A Human-Centered Power Conservation Framework based on Reverse Auction Theory and Machine Learning
Extreme outside temperatures resulting from heat waves, winter storms, and similar weather-related events trigger the Heating Ventilation and Air Conditioning (HVAC) systems, resulting in challenging, and potentially catastrophic, peak loads. As a consequence, such extreme outside temperatures put a strain on power grids and may thus lead to blackouts. In order to avoid the financial and personal repercussions of peak loads, demand response and power conservation represent promising solutions. Despite numerous efforts, it has been shown that the current state-of-the-art fails to consider: i) the complexity of human behavior when interacting with power conservation systems; and ii) realistic home-level power dynamics. As a consequence, this leads to approaches that are i) ineffective due to poor long-term user engagement; and ii) too abstract to be used in real-world settings.

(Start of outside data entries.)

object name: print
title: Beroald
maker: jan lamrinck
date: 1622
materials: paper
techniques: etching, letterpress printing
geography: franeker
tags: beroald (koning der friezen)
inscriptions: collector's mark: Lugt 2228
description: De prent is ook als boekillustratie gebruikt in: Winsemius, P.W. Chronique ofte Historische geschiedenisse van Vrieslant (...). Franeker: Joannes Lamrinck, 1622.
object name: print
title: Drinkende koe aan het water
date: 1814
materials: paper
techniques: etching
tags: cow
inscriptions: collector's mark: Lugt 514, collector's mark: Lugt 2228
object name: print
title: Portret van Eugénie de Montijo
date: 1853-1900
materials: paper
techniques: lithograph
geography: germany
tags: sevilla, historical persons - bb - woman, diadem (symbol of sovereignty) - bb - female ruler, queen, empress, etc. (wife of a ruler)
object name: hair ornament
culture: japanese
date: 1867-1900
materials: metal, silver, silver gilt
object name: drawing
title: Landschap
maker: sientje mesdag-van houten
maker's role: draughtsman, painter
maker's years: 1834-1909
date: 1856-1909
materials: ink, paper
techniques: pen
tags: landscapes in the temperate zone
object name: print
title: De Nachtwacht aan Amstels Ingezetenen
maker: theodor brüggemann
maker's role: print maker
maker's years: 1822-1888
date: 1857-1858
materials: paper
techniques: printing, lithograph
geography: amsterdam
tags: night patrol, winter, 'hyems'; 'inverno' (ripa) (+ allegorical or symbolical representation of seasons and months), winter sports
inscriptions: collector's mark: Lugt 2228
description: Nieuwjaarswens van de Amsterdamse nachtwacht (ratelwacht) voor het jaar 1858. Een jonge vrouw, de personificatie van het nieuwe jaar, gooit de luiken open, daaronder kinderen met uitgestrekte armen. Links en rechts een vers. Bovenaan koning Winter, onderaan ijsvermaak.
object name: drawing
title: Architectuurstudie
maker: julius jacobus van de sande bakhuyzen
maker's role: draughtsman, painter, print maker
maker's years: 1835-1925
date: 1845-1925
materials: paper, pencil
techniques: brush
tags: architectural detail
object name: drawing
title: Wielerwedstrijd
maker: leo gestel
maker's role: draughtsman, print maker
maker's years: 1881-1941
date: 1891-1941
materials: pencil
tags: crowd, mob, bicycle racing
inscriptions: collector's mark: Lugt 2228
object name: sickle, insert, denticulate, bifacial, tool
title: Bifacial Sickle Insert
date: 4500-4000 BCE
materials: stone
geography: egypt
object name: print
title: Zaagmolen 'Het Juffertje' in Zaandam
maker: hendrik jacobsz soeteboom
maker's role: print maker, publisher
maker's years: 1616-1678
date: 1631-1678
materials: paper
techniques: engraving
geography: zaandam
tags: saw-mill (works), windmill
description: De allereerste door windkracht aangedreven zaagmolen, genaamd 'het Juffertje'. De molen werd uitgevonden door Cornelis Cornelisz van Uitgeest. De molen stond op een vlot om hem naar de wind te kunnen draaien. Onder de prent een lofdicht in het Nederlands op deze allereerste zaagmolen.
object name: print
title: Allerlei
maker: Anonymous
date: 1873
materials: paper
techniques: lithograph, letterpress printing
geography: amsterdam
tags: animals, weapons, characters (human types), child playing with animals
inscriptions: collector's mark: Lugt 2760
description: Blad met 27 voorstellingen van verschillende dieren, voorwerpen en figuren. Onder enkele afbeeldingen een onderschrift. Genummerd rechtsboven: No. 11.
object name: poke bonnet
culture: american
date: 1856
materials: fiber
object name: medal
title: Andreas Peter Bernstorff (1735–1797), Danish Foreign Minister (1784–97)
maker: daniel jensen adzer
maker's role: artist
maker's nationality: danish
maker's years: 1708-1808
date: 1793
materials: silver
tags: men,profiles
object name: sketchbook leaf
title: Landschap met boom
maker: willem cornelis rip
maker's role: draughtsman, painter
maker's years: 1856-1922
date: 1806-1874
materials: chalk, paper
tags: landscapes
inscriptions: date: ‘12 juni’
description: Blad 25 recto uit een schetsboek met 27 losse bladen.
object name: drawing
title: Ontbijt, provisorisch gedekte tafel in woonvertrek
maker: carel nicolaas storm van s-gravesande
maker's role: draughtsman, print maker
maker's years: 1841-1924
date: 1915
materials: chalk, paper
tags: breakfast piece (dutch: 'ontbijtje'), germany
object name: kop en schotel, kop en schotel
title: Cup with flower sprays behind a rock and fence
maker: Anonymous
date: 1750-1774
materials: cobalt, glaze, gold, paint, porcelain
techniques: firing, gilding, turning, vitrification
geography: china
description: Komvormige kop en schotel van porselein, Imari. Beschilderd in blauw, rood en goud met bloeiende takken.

In this paper, we propose an auction-theory-based power conservation framework for HVAC designed to address such individual human component through a three-fold approach:
personalized preferences
of power conservation,
models of realistic user behavior
, and
realistic home-level power dynamics
. In our framework, the System Operator (SO) sends Load Serving Entities (LSEs) the required power saving to tackle peak loads at the residential distribution feeder. Each LSE then prompts its users to provide
bids
, i.e.,
personalized preferences
of thermostat temperature adjustments, along with corresponding financial compensations. We employ
models of realistic user behavior
by means of online surveys to gather user bids and evaluate user interaction with such system.
Realistic home-level power dynamics
are implemented by our machine-learning-based Power Saving Predictions (PSP) algorithm, calculating the individual power savings in each user’s home resulting from such bids. A machine-learning-based Power Saving Predictions (PSP) algorithm is executed by the users’ Smart Energy Management System (SEMS). PSP translates temperature adjustments into the corresponding power savings. Then, the SEMS sends bids back to the LSE, which selects the auction winners through an optimization problem called POwer Conservation Optimization (POCO). We prove that POCO is NP-hard, and thus provide two approaches to solve this problem. One approach is an optimal pseudo-polynomial algorithm called DYnamic programming Power Saving (DYPS), while the second is a heuristic polynomial-time algorithm called Greedy Ranking Allocation (GRAN). EnergyPlus, the high-fidelity and gold-standard energy simulator funded by the U.S. Department of Energy, was used to validate our experiments, as well as to collect data to train PSP. We further evaluate the results of the auctions across several scenarios, showing that, as expected, DYPS finds the optimal solution, while GRAN outperforms recent state-of-the-art approaches.